The curriculum was evaluated using a 17-question knowledge pre/post test, post-participation learner survey, and clinic staff satisfaction survey. All students had improved scores on the knowledge test with an average improvement of 5 points. All reported increased confidence in understanding and executing a project. Six students agreed or strongly agreed that they felt comfortable engaging with staff on improvement work, with all students stating they will likely be involved in future improvement work. Of the 12 MAs and 6 providers surveyed, 15 agreed or strongly agreed that student-led projects would help improve patient care in the clinic and 16 were open to helping students conduct a project.
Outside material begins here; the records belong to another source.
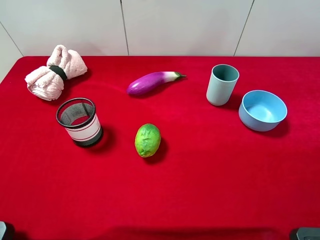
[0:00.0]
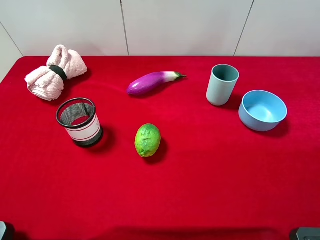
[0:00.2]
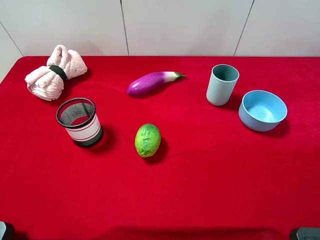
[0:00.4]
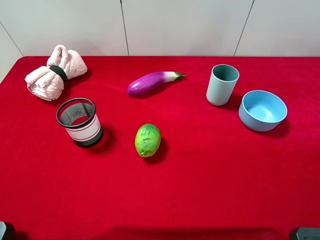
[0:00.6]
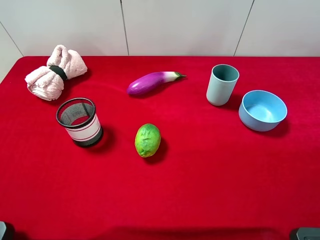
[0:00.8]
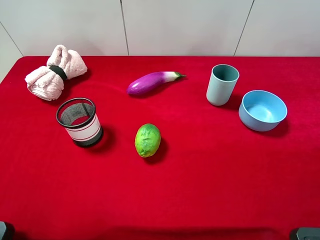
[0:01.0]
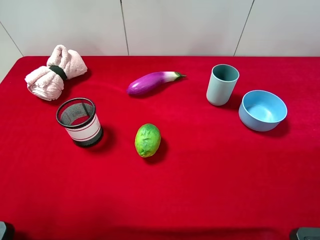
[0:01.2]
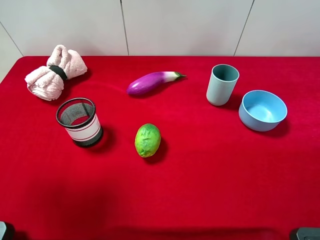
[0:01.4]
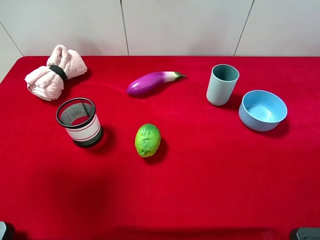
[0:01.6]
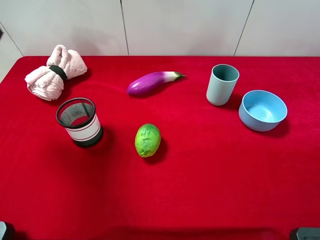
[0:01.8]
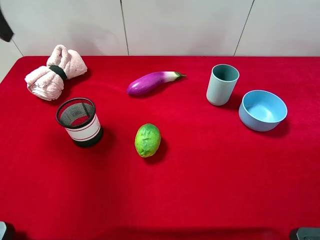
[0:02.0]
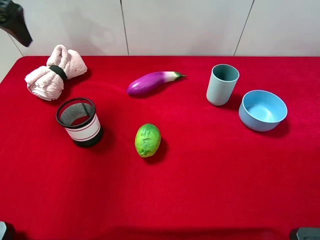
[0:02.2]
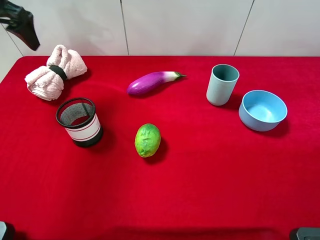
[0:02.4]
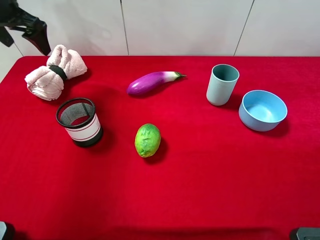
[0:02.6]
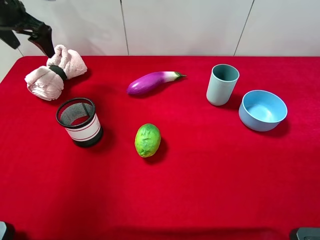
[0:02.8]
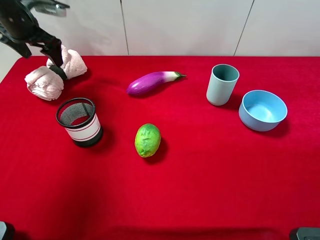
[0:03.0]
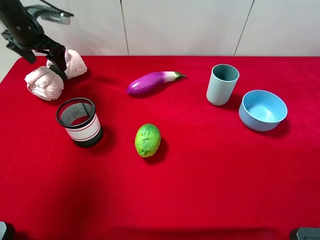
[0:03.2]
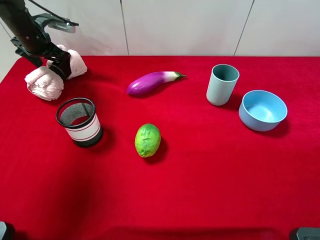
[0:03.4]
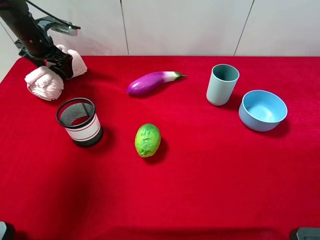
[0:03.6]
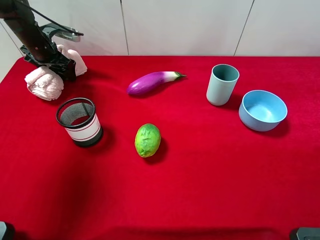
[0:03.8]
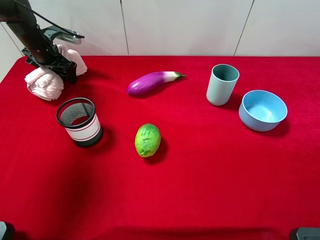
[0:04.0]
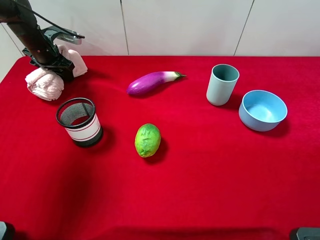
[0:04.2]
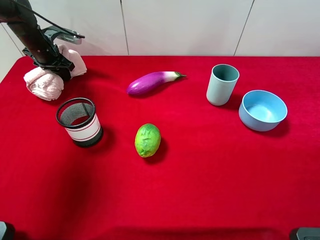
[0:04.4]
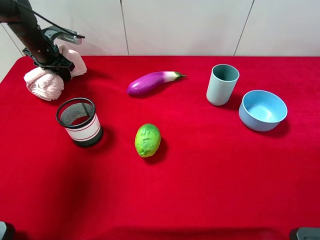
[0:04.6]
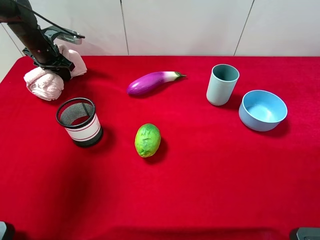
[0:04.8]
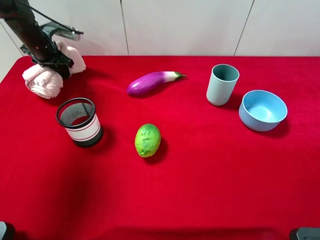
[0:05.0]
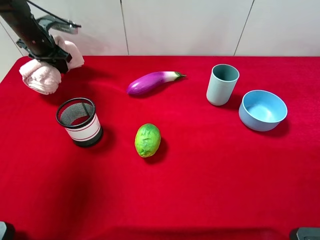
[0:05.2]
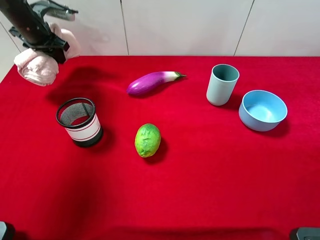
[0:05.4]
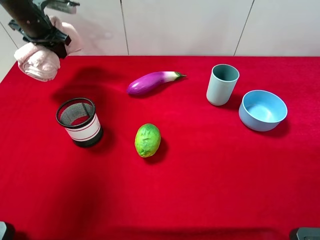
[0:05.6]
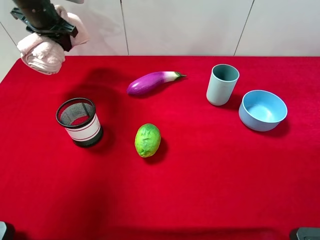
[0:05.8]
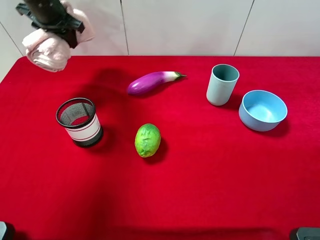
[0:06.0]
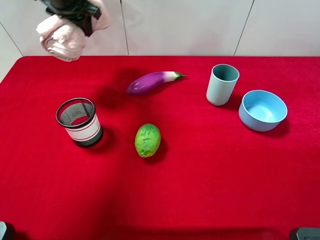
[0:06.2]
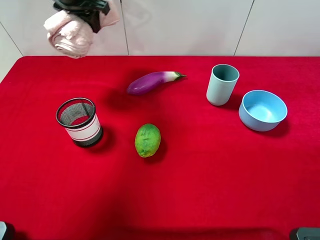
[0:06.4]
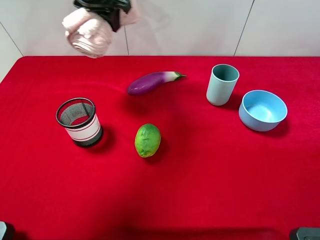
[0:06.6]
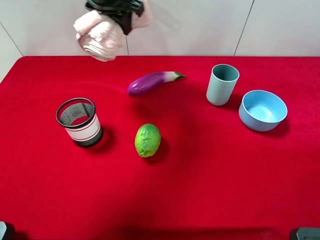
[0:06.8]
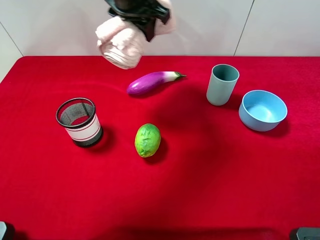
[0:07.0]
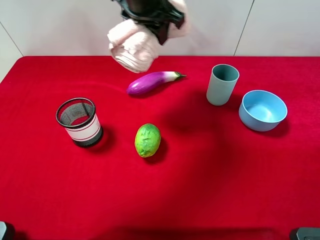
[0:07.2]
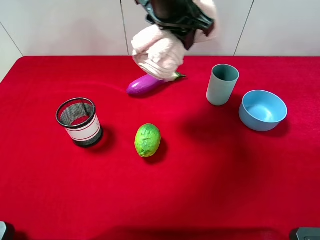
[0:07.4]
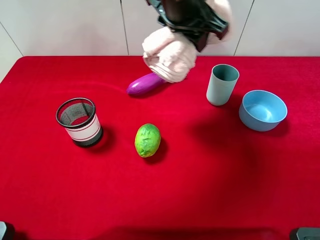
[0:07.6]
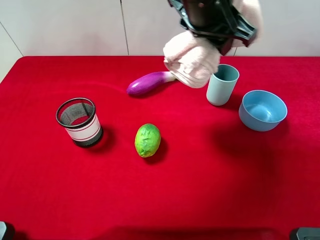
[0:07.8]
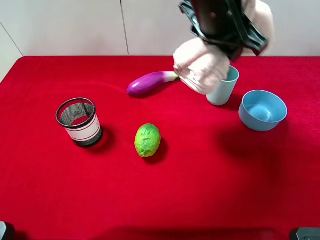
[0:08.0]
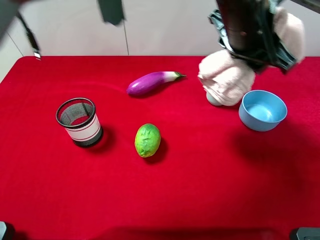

This pilot study has demonstrated promising results from a novel curriculum for pre-clinical medical students to lead a clinical improvement project. The act of doing improvement work is important for building learner competence and confidence as they engage in systems thinking and take ownership of their ideas for change. This project demonstrates the value of leveraging medical students to accelerate curriculum development, increase learner buy-in, and expand the community of future physician improvers. Barriers to implementation and sustainability include the availability of faculty with requisite QI knowledge and capacity to mentor. To expand this model to all medical students, further work is needed to optimize resources and institutional support.